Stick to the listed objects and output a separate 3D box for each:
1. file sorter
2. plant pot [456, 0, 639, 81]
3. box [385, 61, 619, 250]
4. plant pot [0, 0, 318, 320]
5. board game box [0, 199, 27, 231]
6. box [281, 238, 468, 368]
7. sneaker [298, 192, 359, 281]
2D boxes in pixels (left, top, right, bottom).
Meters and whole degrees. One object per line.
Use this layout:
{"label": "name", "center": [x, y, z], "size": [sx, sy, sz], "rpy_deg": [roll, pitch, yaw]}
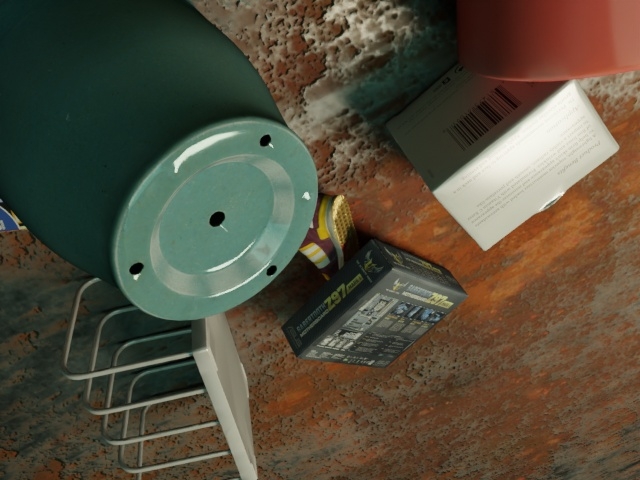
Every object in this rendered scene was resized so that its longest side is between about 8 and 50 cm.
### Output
{"label": "file sorter", "center": [-0.202, 0.188, 0.822], "size": [0.173, 0.193, 0.278], "rpy_deg": [-12, 128, -3]}
{"label": "plant pot", "center": [0.245, -0.308, 0.551], "size": [0.275, 0.275, 0.243], "rpy_deg": [-18, 118, -1]}
{"label": "box", "center": [0.198, -0.121, 0.707], "size": [0.181, 0.182, 0.119], "rpy_deg": [-40, 123, 14]}
{"label": "plant pot", "center": [-0.144, -0.074, 0.547], "size": [0.271, 0.255, 0.272], "rpy_deg": [-27, 139, -27]}
{"label": "board game box", "center": [-0.316, -0.084, 0.682], "size": [0.193, 0.045, 0.147], "rpy_deg": [-6, 126, -11]}
{"label": "box", "center": [0.084, 0.100, 0.870], "size": [0.183, 0.059, 0.232], "rpy_deg": [-45, 146, 20]}
{"label": "sneaker", "center": [0.000, 0.000, 0.823], "size": [0.084, 0.069, 0.185], "rpy_deg": [10, 143, 18]}
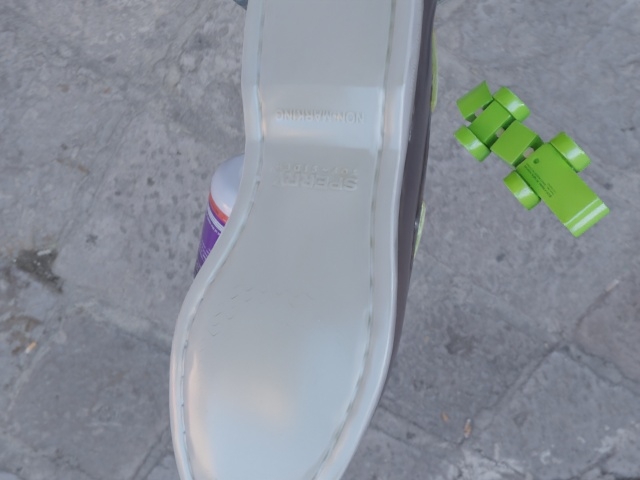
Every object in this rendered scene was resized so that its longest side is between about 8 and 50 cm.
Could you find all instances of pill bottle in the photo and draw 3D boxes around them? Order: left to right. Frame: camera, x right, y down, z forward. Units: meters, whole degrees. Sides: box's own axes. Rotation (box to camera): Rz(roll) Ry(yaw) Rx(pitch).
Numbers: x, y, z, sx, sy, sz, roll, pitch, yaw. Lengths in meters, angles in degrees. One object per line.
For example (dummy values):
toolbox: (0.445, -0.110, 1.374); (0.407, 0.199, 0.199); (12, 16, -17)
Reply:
pill bottle: (-0.123, 0.017, 1.176); (0.182, 0.181, 0.322); (12, 131, -10)

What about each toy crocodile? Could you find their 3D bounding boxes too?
toy crocodile: (0.318, -0.137, 1.045); (0.115, 0.340, 0.105); (-46, 140, 15)

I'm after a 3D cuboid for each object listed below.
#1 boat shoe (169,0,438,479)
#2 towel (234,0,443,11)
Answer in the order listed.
boat shoe: (0.000, 0.000, 0.364); (0.117, 0.097, 0.324); (10, 93, 21)
towel: (0.075, -0.387, 0.959); (0.324, 0.312, 0.056); (-27, 73, 24)

........

GOAL OF THE EXERCISE: Give back the material above exactly, without pictures.

ANSWER SECTION:
Stick to the listed objects and output a separate 3D box for each:
1. file sorter
2. plant pot [456, 0, 639, 81]
3. box [385, 61, 619, 250]
4. plant pot [0, 0, 318, 320]
5. board game box [0, 199, 27, 231]
6. box [281, 238, 468, 368]
7. sneaker [298, 192, 359, 281]
2D boxes in pixels (left, top, right, bottom).
Meters and whole degrees. One object per line.
Use this layout:
{"label": "name", "center": [x, y, z], "size": [sx, sy, sz], "rpy_deg": [roll, pitch, yaw]}
Every object in this rendered scene was resized so that its longest side is between about 8 and 50 cm.
### Output
{"label": "file sorter", "center": [-0.202, 0.188, 0.822], "size": [0.173, 0.193, 0.278], "rpy_deg": [-12, 128, -3]}
{"label": "plant pot", "center": [0.245, -0.308, 0.551], "size": [0.275, 0.275, 0.243], "rpy_deg": [-18, 118, -1]}
{"label": "box", "center": [0.198, -0.121, 0.707], "size": [0.181, 0.182, 0.119], "rpy_deg": [-40, 123, 14]}
{"label": "plant pot", "center": [-0.144, -0.074, 0.547], "size": [0.271, 0.255, 0.272], "rpy_deg": [-27, 139, -27]}
{"label": "board game box", "center": [-0.316, -0.084, 0.682], "size": [0.193, 0.045, 0.147], "rpy_deg": [-6, 126, -11]}
{"label": "box", "center": [0.084, 0.100, 0.870], "size": [0.183, 0.059, 0.232], "rpy_deg": [-45, 146, 20]}
{"label": "sneaker", "center": [0.000, 0.000, 0.823], "size": [0.084, 0.069, 0.185], "rpy_deg": [10, 143, 18]}
Every object in this rendered scene was resized so that its longest side is between about 8 and 50 cm.
Could you find all instances of pill bottle in the photo and draw 3D boxes around them? Order: left to right. Frame: camera, x right, y down, z forward. Units: meters, whole degrees. Sides: box's own axes. Rotation (box to camera): Rz(roll) Ry(yaw) Rx(pitch).
Numbers: x, y, z, sx, sy, sz, roll, pitch, yaw. Lengths in meters, angles in degrees. One object per line.
For example (dummy values):
toolbox: (0.445, -0.110, 1.374); (0.407, 0.199, 0.199); (12, 16, -17)
Reply:
pill bottle: (-0.123, 0.017, 1.176); (0.182, 0.181, 0.322); (12, 131, -10)

What about each toy crocodile? Could you find their 3D bounding boxes too?
toy crocodile: (0.318, -0.137, 1.045); (0.115, 0.340, 0.105); (-46, 140, 15)

I'm after a 3D cuboid for each object listed below.
#1 boat shoe (169,0,438,479)
#2 towel (234,0,443,11)
Answer in the order listed.
boat shoe: (0.000, 0.000, 0.364); (0.117, 0.097, 0.324); (10, 93, 21)
towel: (0.075, -0.387, 0.959); (0.324, 0.312, 0.056); (-27, 73, 24)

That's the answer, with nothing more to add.